We use Erlang, ML, and Haskell for a few small projects but (as I'm sure you guessed) we'd like to focus on the lessons we've learned using Erlang for building Facebook Chat. The channel servers are at the heart of our Chat infrastructure; they receive messages from our web servers and queue them for HTTP delivery. Presence information, the knowledge of who is currently using Chat, is aggregated and shipped to a separate service. The service has been operational since our launch about a year ago and we continue to develop and improve it frequently. We're also developing an XMPP interface to Facebook Chat based on the ejabberd project. A lot of functionality has been added to interact with the many moving parts of our infrastructure.

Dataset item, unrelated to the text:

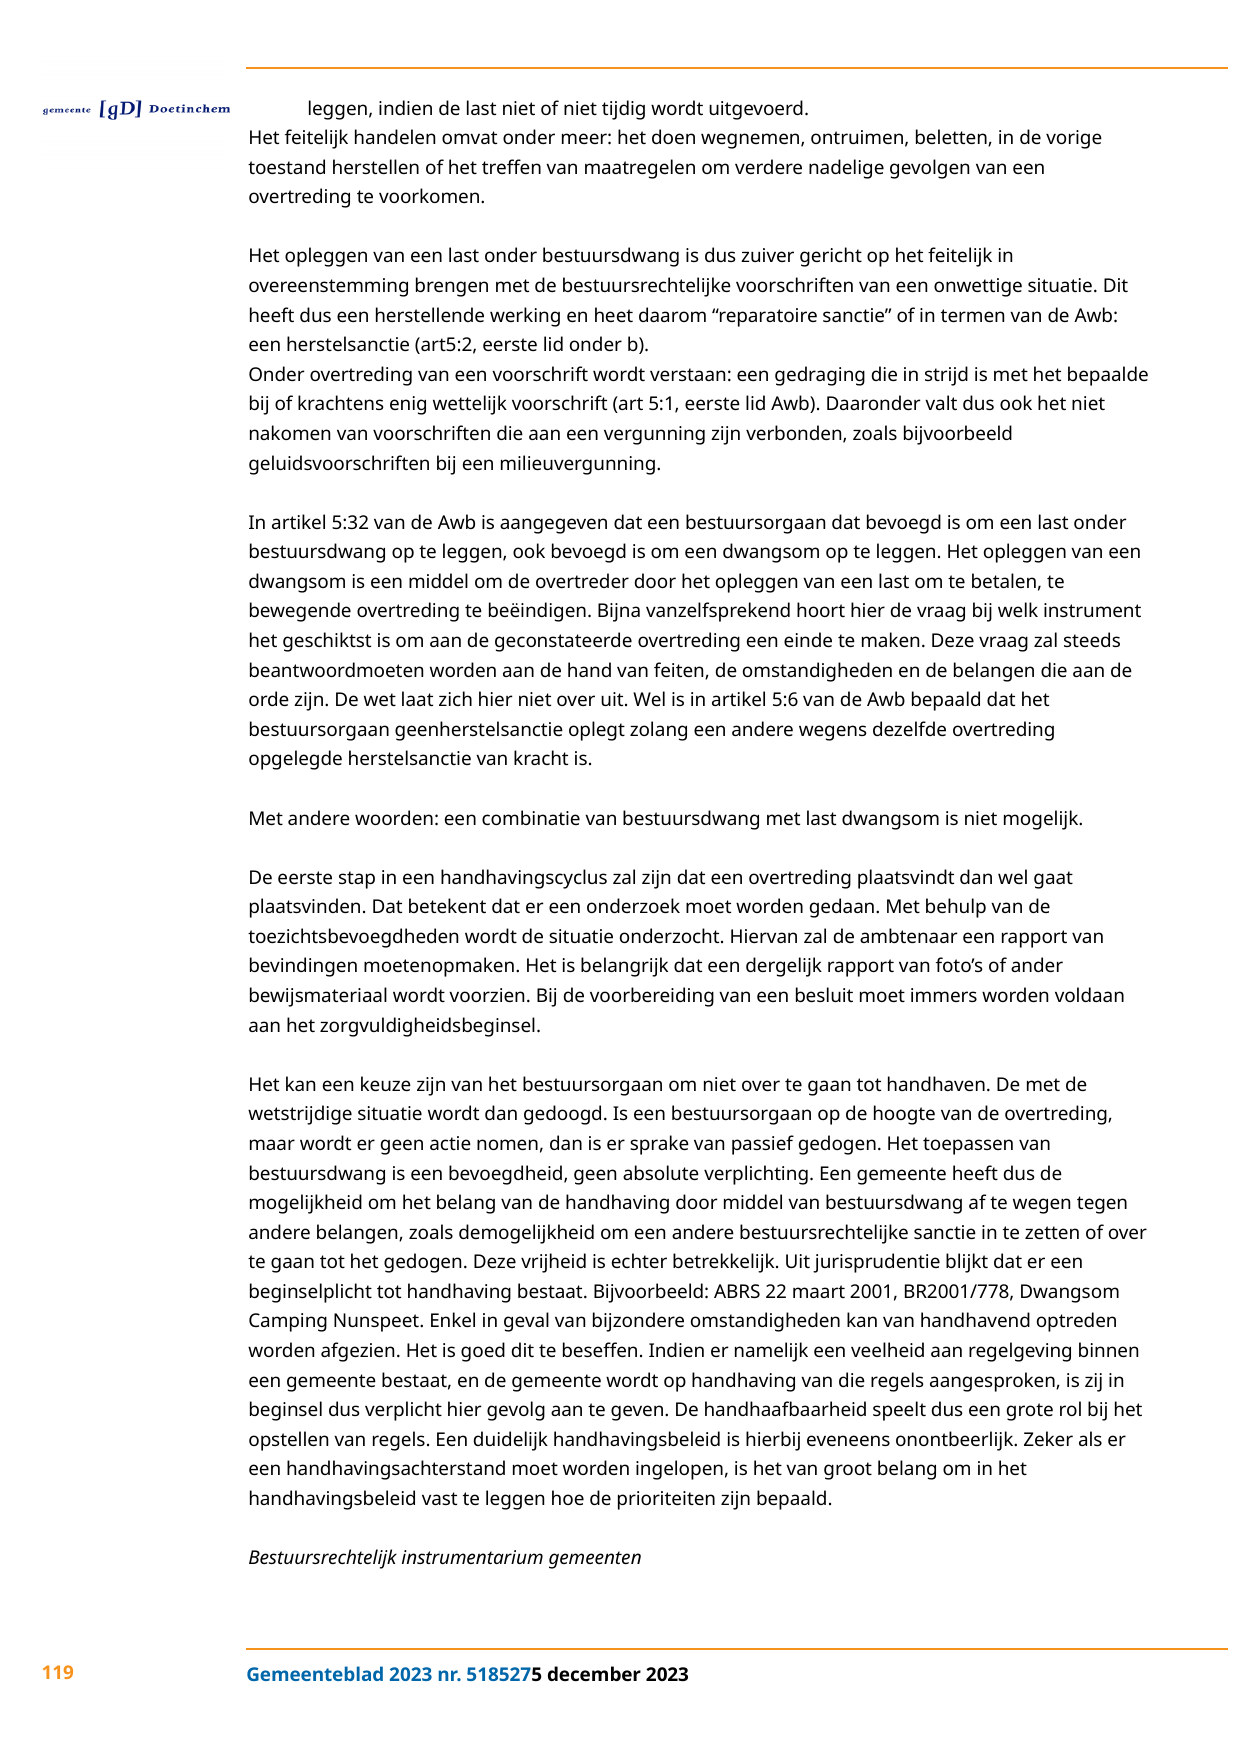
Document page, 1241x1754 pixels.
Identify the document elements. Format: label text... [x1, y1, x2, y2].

Erlang has been the right tool for the job. It's well-known that Erlang is a good choice for communications applications and real-time chat in particular, and we'd like to mention that Erlang's strong support for concurrency, distribution, hot code loading, and online debugging have been indispensable, and that it's those same weaknesses that lead us away from C++ when first designing the service. However, we'd like to focus on the factors inside and outside Facebook that enabled us to choose Erlang in the first place. Most importantly, we needed good support for language-independent RPC. Fortunately we rely heavily on Thrift for all our services. Both the channel and Jabber servers need to speak to programs written in PHP and C++, and having infrastructure and engineers comfortable debugging it already in place when we began was invaluable. Our service management tools as well are language-independent; all our services regardless of language are controlled using the same interface. Facebook and the Thrift project are also fortunate to have an active community. The original Thrift binding for Erlang was implemented in-house but substantial portions were reimplemented by outside contributors. As well we've leveraged existing open source products including ejabberd and Bob Ippolito's Mochiweb framework.

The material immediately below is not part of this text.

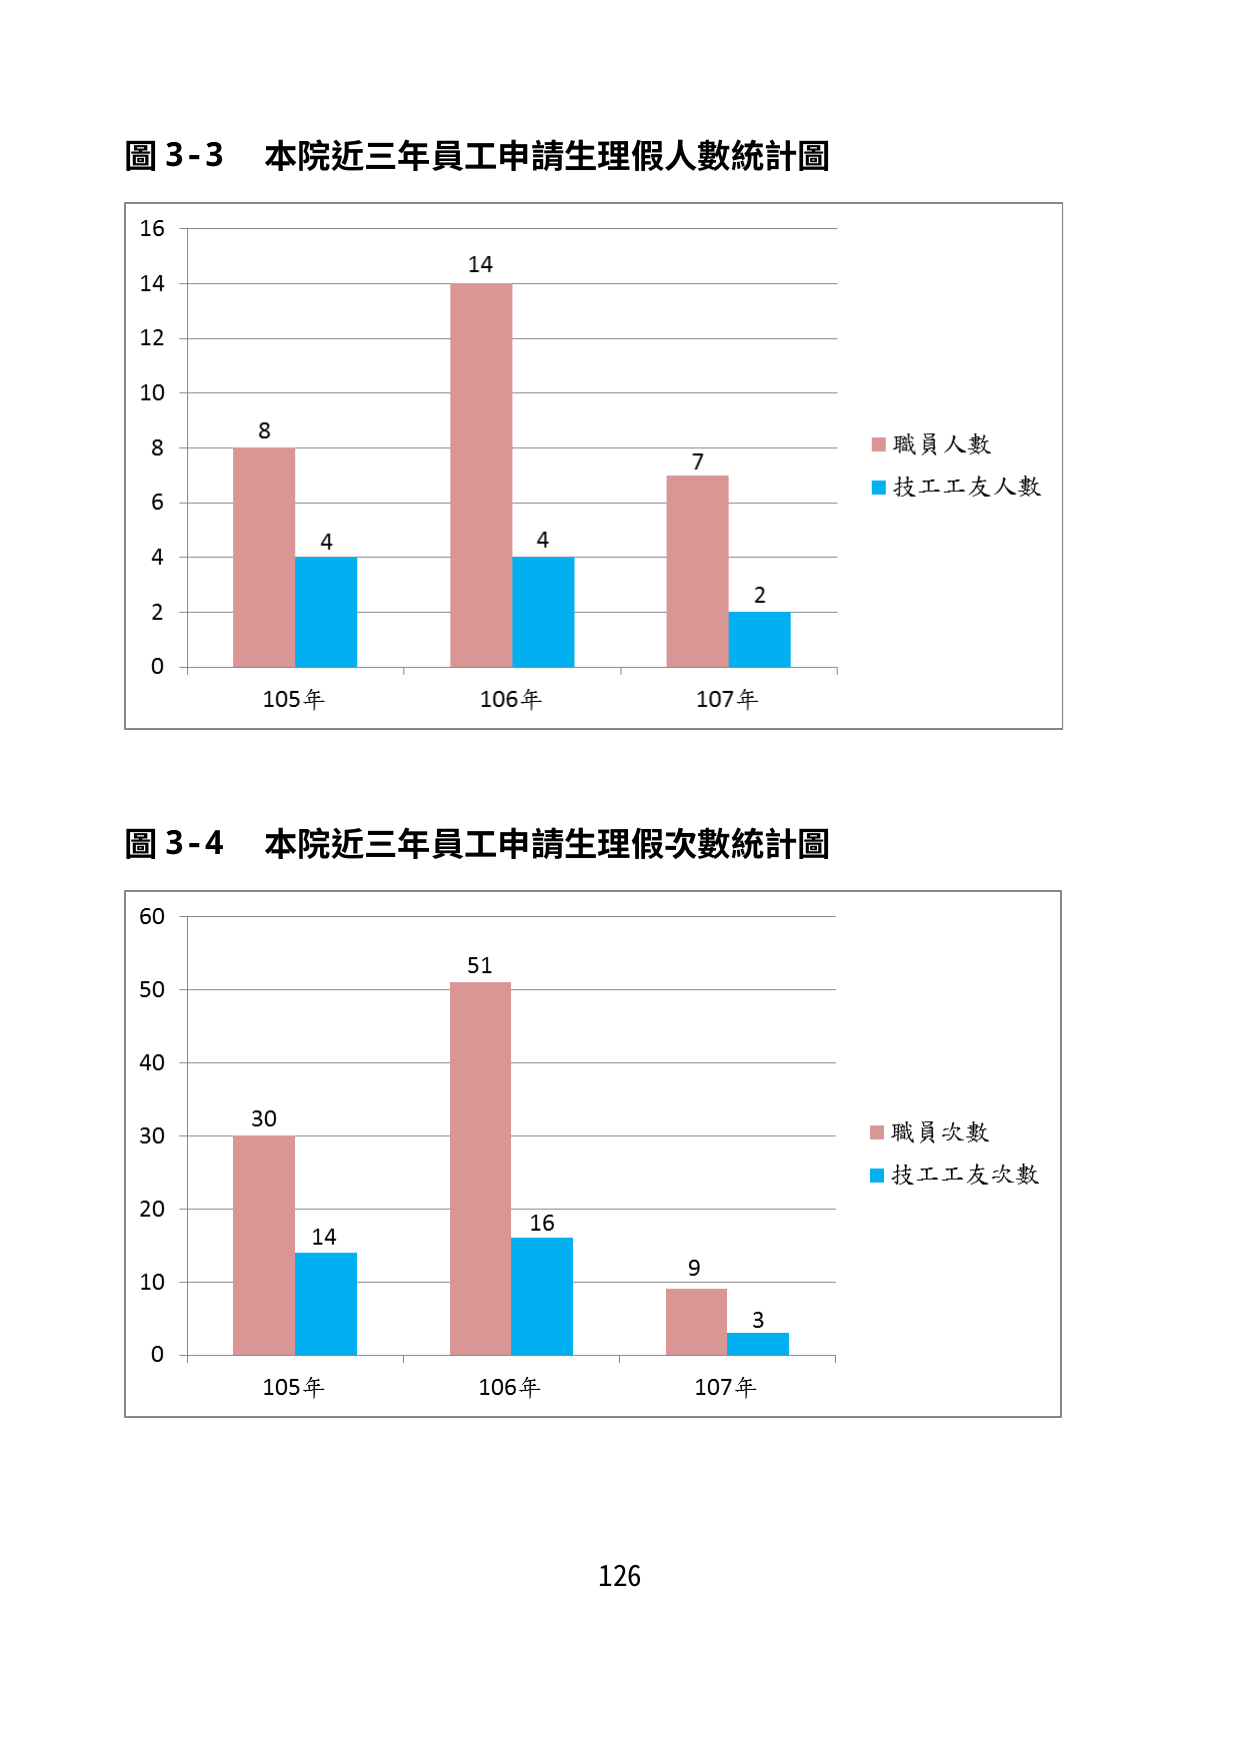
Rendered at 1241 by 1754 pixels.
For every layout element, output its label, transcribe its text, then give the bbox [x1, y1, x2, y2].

text 圖3-4 本院近三年員工申請生理假次數統計圖 [124, 800, 1116, 862]
text 圖3-3 本院近三年員工申請生理假人數統計圖 [124, 112, 1116, 175]

The other half of our story consists of the barriers presented and risks taken in choosing Erlang. I mentioned above that much of Facebook's infrastructure is language-agnostic, but our build and deploy systems unfortunately are not. Many of our internal tools weren't written with Erlang or (in particular) hot code reloading in mind, so we needed to write many one-offs to support all the runtime goodness that Erlang affords us. Facebook runs many services, most of which are in C++, Python, or Java, and only two in Erlang, so in some respects we've needed to work harder to integrate. We at Facebook also tend to work in large codebases and share the responsibility of bug fixing. Unfortunately, our Erlang projects live outside of our main repository, and the extra learning necessary to develop or just fix bugs in Erlang tends to keep us isolated from the pool of talent in our department. Unsurprisingly, the job of fixing Chat bugs falls to one of a very small group, whereas bugs in our PHP code have a small army of PHP generalists waiting to squash them. However Erlang has such a steep learning curve only because most undergraduate programs don't stress functional programming, and Facebook in particular doesn't expose most engineers to functional programming, or even information about the strengths and weaknesses of FP versus PHP, C++, and Python. In particular we'd like to touch on the prevalence of object-oriented programming in education and in practice, and the tendency of engineers (even engineers with FP experience) to guide their design by OOP principles even when they don't fit. The recurring theme is "the right tool for the job" — actor-based, functional, imperative, and object-oriented programming are all valuable tools for modeling particular problems, but the most important lessons in our experience are how to lower the barriers to choosing the right tool, and how to arm engineers with the knowledge they need to make an appropriate choice.